--- WORK TO BE COMPLETED ---
With images excluded, write out each entry below exactly as given.

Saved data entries
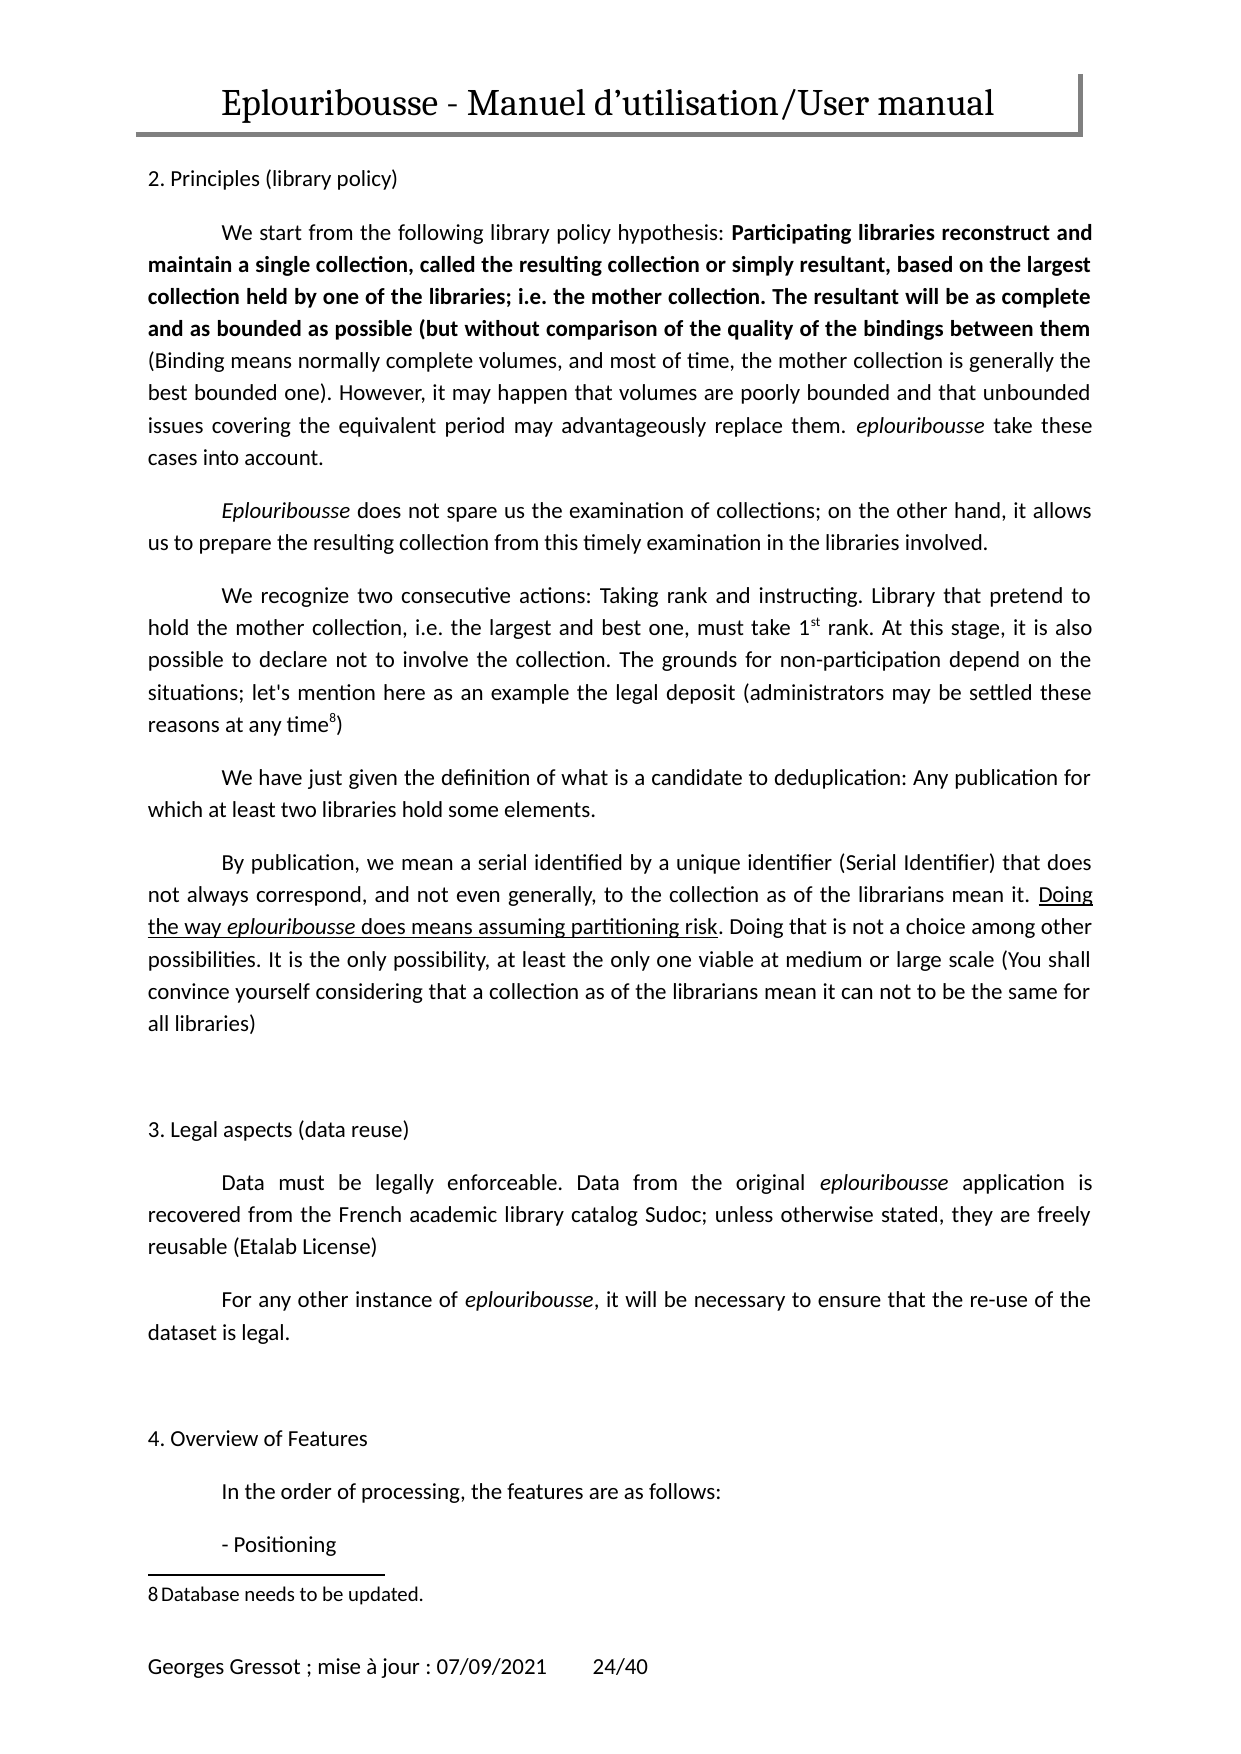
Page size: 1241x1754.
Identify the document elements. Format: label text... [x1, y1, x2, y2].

text Database needs to be updated. [148, 1581, 1093, 1606]
text We recognize two consecutive actions: Taking rank and instructing. Library that pretend to hold the mother collection, i.e. the largest and best one, must take 1st rank. At this stage, it is also possible to declare not to involve the collection. The grounds for non-participation depend on the situations; let's mention here as an example the legal deposit (administrators may be settled these reasons at any time) [148, 581, 1093, 738]
text Data must be legally enforceable. Data from the original eplouribousse application is recovered from the French academic library catalog Sudoc; unless otherwise stated, they are freely reusable (Etalab License) [148, 1168, 1093, 1261]
text 2. Principles (library policy) [148, 164, 1093, 193]
text In the order of processing, the features are as follows: [148, 1477, 1093, 1505]
text - Positioning [148, 1530, 1093, 1558]
text We start from the following library policy hypothesis: Participating libraries reconstruct and maintain a single collection, called the resulting collection or simply resultant, based on the largest collection held by one of the libraries; i.e. the mother collection. The resultant will be as complete and as bounded as possible (but without comparison of the quality of the bindings between them (Binding means normally complete volumes, and most of time, the mother collection is generally the best bounded one). However, it may happen that volumes are poorly bounded and that unbounded issues covering the equivalent period may advantageously replace them. eplouribousse take these cases into account. [148, 218, 1093, 471]
text We have just given the definition of what is a candidate to deduplication: Any publication for which at least two libraries hold some elements. [148, 763, 1093, 823]
text Eplouribousse does not spare us the examination of collections; on the other hand, it allows us to prepare the resulting collection from this timely examination in the libraries involved. [148, 496, 1093, 556]
text For any other instance of eplouribousse, it will be necessary to ensure that the re-use of the dataset is legal. [148, 1286, 1093, 1346]
text 4. Overview of Features [148, 1424, 1093, 1452]
text By publication, we mean a serial identified by a unique identifier (Serial Identifier) that does not always correspond, and not even generally, to the collection as of the librarians mean it. Doing the way eplouribousse does means assuming partitioning risk. Doing that is not a choice among other possibilities. It is the only possibility, at least the only one viable at medium or large scale (You shall convince yourself considering that a collection as of the librarians mean it can not to be the same for all libraries) [148, 848, 1093, 1037]
text 3. Legal aspects (data reuse) [148, 1115, 1093, 1143]

--- WRITTEN SOLUTION ---
Page size: 1241x1754.
Identify the document elements. Format: label text... [x1, y1, x2, y2].

text Database needs to be updated. [148, 1581, 1093, 1606]
text We recognize two consecutive actions: Taking rank and instructing. Library that pretend to hold the mother collection, i.e. the largest and best one, must take 1st rank. At this stage, it is also possible to declare not to involve the collection. The grounds for non-participation depend on the situations; let's mention here as an example the legal deposit (administrators may be settled these reasons at any time) [148, 581, 1093, 738]
text Data must be legally enforceable. Data from the original eplouribousse application is recovered from the French academic library catalog Sudoc; unless otherwise stated, they are freely reusable (Etalab License) [148, 1168, 1093, 1261]
text 2. Principles (library policy) [148, 164, 1093, 193]
text In the order of processing, the features are as follows: [148, 1477, 1093, 1505]
text - Positioning [148, 1530, 1093, 1558]
text We start from the following library policy hypothesis: Participating libraries reconstruct and maintain a single collection, called the resulting collection or simply resultant, based on the largest collection held by one of the libraries; i.e. the mother collection. The resultant will be as complete and as bounded as possible (but without comparison of the quality of the bindings between them (Binding means normally complete volumes, and most of time, the mother collection is generally the best bounded one). However, it may happen that volumes are poorly bounded and that unbounded issues covering the equivalent period may advantageously replace them. eplouribousse take these cases into account. [148, 218, 1093, 471]
text We have just given the definition of what is a candidate to deduplication: Any publication for which at least two libraries hold some elements. [148, 763, 1093, 823]
text Eplouribousse does not spare us the examination of collections; on the other hand, it allows us to prepare the resulting collection from this timely examination in the libraries involved. [148, 496, 1093, 556]
text For any other instance of eplouribousse, it will be necessary to ensure that the re-use of the dataset is legal. [148, 1286, 1093, 1346]
text 4. Overview of Features [148, 1424, 1093, 1452]
text By publication, we mean a serial identified by a unique identifier (Serial Identifier) that does not always correspond, and not even generally, to the collection as of the librarians mean it. Doing the way eplouribousse does means assuming partitioning risk. Doing that is not a choice among other possibilities. It is the only possibility, at least the only one viable at medium or large scale (You shall convince yourself considering that a collection as of the librarians mean it can not to be the same for all libraries) [148, 848, 1093, 1037]
text 3. Legal aspects (data reuse) [148, 1115, 1093, 1143]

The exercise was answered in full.